Why this is distinct from deskilling:
- Deskilling: skill degrades after AI exposure when AI is removed
- Integration failure (Goh 2024): skill does not improve despite AI access; the human anchors the team performance, not the AI
- Both produce the same outcome (human performance level), but through different mechanisms
Agent Notes
Why this matters: The Goh 2024 RCT is methodologically the strongest evidence on the human-AI diagnostic team question — it's a real RCT (not observational) with reasonable sample size for a physician study. The null result is damning in a different way than deskilling: physicians aren't being harmed by the AI (no deskilling measured), but they're also not benefiting from it in the most common clinical task (diagnosis). The AI alone performs dramatically better, but the human-AI team doesn't outperform humans without AI.

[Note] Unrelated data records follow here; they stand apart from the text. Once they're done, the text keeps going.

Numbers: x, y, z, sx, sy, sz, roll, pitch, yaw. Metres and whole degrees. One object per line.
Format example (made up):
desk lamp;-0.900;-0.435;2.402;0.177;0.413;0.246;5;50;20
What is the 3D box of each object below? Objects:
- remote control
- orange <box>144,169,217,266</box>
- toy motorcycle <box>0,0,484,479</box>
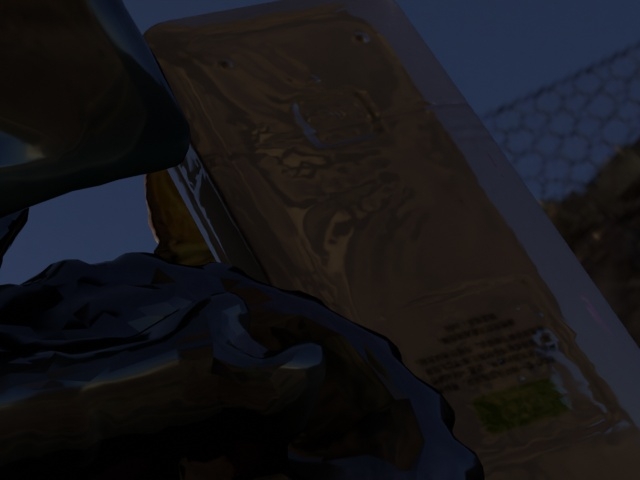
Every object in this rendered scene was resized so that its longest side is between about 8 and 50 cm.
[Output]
remote control;0.029;0.016;0.522;0.103;0.250;0.034;-15;-36;-25
orange;0.000;0.000;1.552;0.271;0.368;0.210;-20;-11;16
toy motorcycle;-0.165;-0.005;0.380;0.232;0.416;0.172;-32;-30;-52
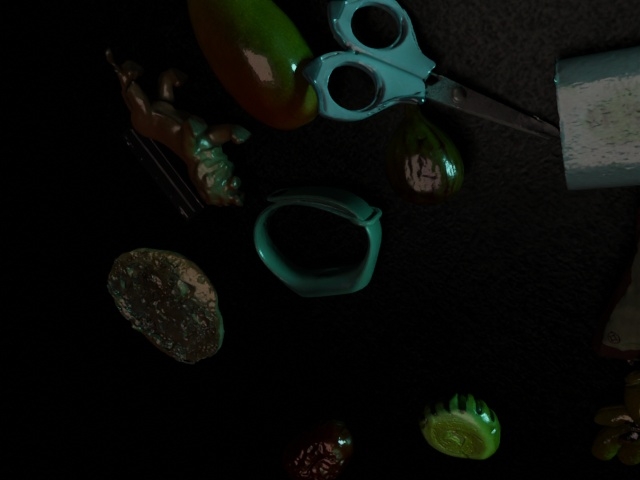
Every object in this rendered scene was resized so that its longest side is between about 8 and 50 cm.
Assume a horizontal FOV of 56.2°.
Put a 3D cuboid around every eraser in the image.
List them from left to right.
[{"bbox_3d":[0.410,-0.153,0.722,0.227,0.081,0.173,-3,114,28],"label":"eraser"}]

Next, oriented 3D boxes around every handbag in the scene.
[{"bbox_3d":[0.492,0.080,0.780,0.213,0.127,0.234,14,123,17],"label":"handbag"}]

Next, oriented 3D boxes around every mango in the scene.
[{"bbox_3d":[-0.103,-0.288,0.870,0.289,0.129,0.146,54,149,0],"label":"mango"}]

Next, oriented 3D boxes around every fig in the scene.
[{"bbox_3d":[0.146,-0.127,0.856,0.110,0.103,0.154,-5,97,3],"label":"fig"}]

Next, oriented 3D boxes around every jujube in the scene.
[{"bbox_3d":[-0.002,0.434,1.221,0.112,0.109,0.176,22,128,-28],"label":"jujube"}]

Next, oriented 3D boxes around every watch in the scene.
[{"bbox_3d":[0.000,0.000,1.015,0.237,0.068,0.195,-7,111,33],"label":"watch"}]

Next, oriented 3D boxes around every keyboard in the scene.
[{"bbox_3d":[-0.292,-0.129,1.116,0.067,0.011,0.202,-30,100,36],"label":"keyboard"}]

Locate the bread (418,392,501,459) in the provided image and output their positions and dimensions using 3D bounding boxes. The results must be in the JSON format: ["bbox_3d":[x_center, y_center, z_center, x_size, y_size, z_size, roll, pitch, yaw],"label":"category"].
[{"bbox_3d":[0.248,0.328,1.064,0.139,0.071,0.129,-21,109,31],"label":"bread"}]

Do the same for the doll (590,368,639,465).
[{"bbox_3d":[0.496,0.288,0.912,0.137,0.097,0.209,17,128,10],"label":"doll"}]

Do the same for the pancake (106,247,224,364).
[{"bbox_3d":[-0.319,0.135,1.247,0.283,0.049,0.282,11,121,19],"label":"pancake"}]

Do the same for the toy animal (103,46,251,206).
[{"bbox_3d":[-0.238,-0.179,1.016,0.312,0.097,0.157,40,132,3],"label":"toy animal"}]

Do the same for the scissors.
[{"bbox_3d":[0.159,-0.208,0.811,0.361,0.029,0.191,22,87,3],"label":"scissors"}]
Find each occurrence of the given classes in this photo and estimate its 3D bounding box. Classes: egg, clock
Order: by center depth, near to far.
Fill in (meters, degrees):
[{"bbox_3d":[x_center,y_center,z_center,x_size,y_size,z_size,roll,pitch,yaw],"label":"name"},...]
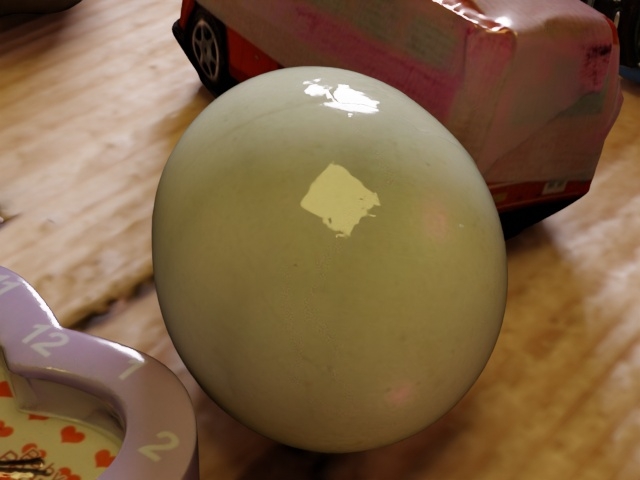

What surprised me: The 16-point gap between AI-alone and the human-AI team. This is the clearest evidence of integration failure in the literature. The benefit that could be extracted from the AI isn't being extracted. This connects to centaur design — the centaur only works if the human and AI roles are structurally separated.
What I expected but didn't find: Stratification by AI experience or digital health literacy. Presumably, physicians who use AI tools more regularly would extract more benefit. The JAMA paper presumably stratified by career stage (attending vs. resident) but the agent didn't report whether that moderated the result.
KB connections:
- human-in-the-loop clinical AI degrades to worse-than-AI-alone because physicians both de-skill from reliance and introduce errors when overriding correct outputs — the Goh 2024 study adds a related but distinct mechanism: even without deskilling, human-AI teams underperform AI alone because of integration failure (not extracting AI capability)
- centaur team performance depends on role complementarity not mere human-AI combination — this study is precisely what the centaur claim predicts: simply having access to AI doesn't create centaur performance; role complementarity requires deliberate design
- medical LLM benchmark performance does not translate to clinical impact because physicians with and without AI access achieve similar diagnostic accuracy in randomized trials — this is the same study referenced in the existing KB claim! The Goh 2024 study IS the grounding evidence for this KB claim.
Extraction hints:
- The existing KB claim medical LLM benchmark performance does not translate to clinical impact... may already be grounded in Goh 2024. Check whether the existing claim file references this PMID before extracting.
- The "integration failure" concept — AI alone outperforms human-AI team because humans fail to extract AI capability — is worth adding to the existing claim as enrichment
- The management reasoning companion RCT (AI DOES improve treatment planning but NOT diagnosis) is worth noting as a scope qualifier
Curator Notes
PRIMARY CONNECTION: medical LLM benchmark performance does not translate to clinical impact because physicians with and without AI access achieve similar diagnostic accuracy in randomized trials
WHY ARCHIVED: This may be the primary evidence source for the existing KB claim — if so, archive as enrichment. The "integration failure" mechanism (AI alone scores 16 points higher than human-AI team) is the strongest new element.
EXTRACTION HINT: Check if this is already cited in the existing claim file before extracting. If it is, this is enrichment (add the 16-point gap finding and the management reasoning exception). If not, it's a primary source for the existing claim.